Vargo claims the trade deficit is all oil imports. He writes: “The manufactured goods deficit with NAFTA barely budged after 2001 while nearly doubling with the rest of the world. Jobs displaced by imports from NAFTA were offset by the jobs gained from exports. True, the overall deficit with NAFTA has soared since 2001 – again, the result of oil imports, not manufactured goods. Aside from energy imports, the deficit is virtually unchanged.”

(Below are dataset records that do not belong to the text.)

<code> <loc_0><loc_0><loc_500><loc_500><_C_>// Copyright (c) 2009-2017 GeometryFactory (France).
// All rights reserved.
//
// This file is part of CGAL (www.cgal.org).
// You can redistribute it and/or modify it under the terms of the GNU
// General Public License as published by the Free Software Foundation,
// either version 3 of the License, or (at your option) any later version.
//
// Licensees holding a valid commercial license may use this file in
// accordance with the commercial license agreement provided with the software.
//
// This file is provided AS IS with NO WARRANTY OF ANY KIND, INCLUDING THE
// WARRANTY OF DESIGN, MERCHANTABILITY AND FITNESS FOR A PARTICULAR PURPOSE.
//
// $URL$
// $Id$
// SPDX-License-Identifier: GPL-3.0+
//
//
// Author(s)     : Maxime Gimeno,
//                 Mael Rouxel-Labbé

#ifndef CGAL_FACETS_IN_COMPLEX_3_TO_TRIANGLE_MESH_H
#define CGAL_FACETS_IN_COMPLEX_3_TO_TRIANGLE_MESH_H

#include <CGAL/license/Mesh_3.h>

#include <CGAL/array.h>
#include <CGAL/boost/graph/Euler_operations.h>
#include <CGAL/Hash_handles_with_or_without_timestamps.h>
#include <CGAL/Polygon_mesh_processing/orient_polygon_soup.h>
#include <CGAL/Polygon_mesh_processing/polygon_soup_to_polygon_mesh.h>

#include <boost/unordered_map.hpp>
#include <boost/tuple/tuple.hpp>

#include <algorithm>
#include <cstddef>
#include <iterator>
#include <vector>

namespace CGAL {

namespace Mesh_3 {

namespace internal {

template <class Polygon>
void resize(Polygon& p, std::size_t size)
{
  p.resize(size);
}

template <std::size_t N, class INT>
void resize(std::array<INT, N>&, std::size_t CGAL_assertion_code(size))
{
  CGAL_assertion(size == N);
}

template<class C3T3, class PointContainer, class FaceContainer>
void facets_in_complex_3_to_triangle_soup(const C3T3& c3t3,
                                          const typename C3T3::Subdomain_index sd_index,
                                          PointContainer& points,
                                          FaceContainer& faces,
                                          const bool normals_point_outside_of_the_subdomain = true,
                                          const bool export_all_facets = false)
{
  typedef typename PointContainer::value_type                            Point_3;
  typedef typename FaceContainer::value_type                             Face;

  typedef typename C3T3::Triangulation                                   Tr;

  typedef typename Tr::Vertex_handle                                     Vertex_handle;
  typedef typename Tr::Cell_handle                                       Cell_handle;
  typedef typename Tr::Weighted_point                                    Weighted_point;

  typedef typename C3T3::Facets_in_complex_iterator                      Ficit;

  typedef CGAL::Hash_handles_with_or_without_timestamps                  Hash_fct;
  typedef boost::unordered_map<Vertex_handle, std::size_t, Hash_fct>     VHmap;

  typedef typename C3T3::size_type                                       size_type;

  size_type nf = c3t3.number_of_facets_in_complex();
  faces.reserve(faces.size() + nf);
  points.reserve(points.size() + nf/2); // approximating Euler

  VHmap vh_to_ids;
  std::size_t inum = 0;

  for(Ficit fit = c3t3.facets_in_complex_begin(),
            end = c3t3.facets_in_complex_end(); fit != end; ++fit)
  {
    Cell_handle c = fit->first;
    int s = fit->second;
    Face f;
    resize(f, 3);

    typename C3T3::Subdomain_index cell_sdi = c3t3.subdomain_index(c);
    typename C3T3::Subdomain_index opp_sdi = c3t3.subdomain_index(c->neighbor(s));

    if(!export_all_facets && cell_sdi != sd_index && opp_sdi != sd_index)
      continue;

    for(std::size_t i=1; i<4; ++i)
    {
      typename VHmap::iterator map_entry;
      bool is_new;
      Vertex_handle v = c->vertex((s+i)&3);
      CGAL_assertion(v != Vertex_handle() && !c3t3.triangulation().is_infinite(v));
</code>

Where to begin? The inflation-adjusted trade deficit in non-oil manufactured goods (NOMG) with NAFTA countries shows an increase of 16 percent from 2001-07, before global trade collapsed. And, looking at the longer period, the NOMG deficit with NAFTA countries went from a $5.8 billion surplus in 1993 to a whopping $45 billion deficit in 2009. Meanwhile, it is hard to understand how NAM concludes that U.S. jobs lost to imports were offset by those gained from exports, when the United States suffered a NOMG deficit that peaked at $663 billion during the period in question, accounting for millions of lost U.S. job opportunities.
Vargo also praises the Peru FTA, saying “The U.S. has moved into a surplus with Peru.” Actually, the U.S. already had a NOMG surplus with Peru before the pact’s 2009 start date. A year later, the NOMG balance (or net export level) is only $0.000498 trillion. To put this in perspective, Obama’s export drive will require $1 trillion in increased exports over the next five years. At the rate of the Peru FTA, the U.S. could sign FTAs with all 192 members of the United Nations, and still only be a tenth of the way to the goal.
Unfortunately, Vargo is not alone in misrepresenting the U.S. experience with FTAs. Widely cited “data” published by the Chamber of Commerce also is used to make outlandish claims about trade gains. A review of the relevant Chamber study shows that the data touted as evidence of exciting export gains is not adjusted for inflation. The Chamber study also includes other basic arithmetic errors. When the Chamber’s own method is cleaned up, for instance by inflation adjusting, it shows an export penalty from FTAs. In other words, it shows that export growth rates to U.S. FTA partners were slower than with non-FTA trade partners.
Finally, Vargo makes factually incorrect claims about the Trade Reform Accountability Development and Employment (TRADE) Act to argue it would undermine President Obama’s export initiative. Given the TRADE Act is a vehicle to rebuild consensus for trade expansion and is supported by a majority of House Democrats including twelve chairs, fifty-five sub-committee chairs and large blocs of New Democrats and Blue Dogs, one might expect NAM to seize on the legislation as a means to obtain new trade agreements that can expand exports. Alas, it appears that the NAM data errors also extend to vote counting.
Todd Tucker is research director with Public Citizen’s Global Trade Watch division, and co-author of a forthcoming study “Lies, Damn Lies and Export Statistics: How Corporate Lobbyists Distort Record of Flawed Trade Deals.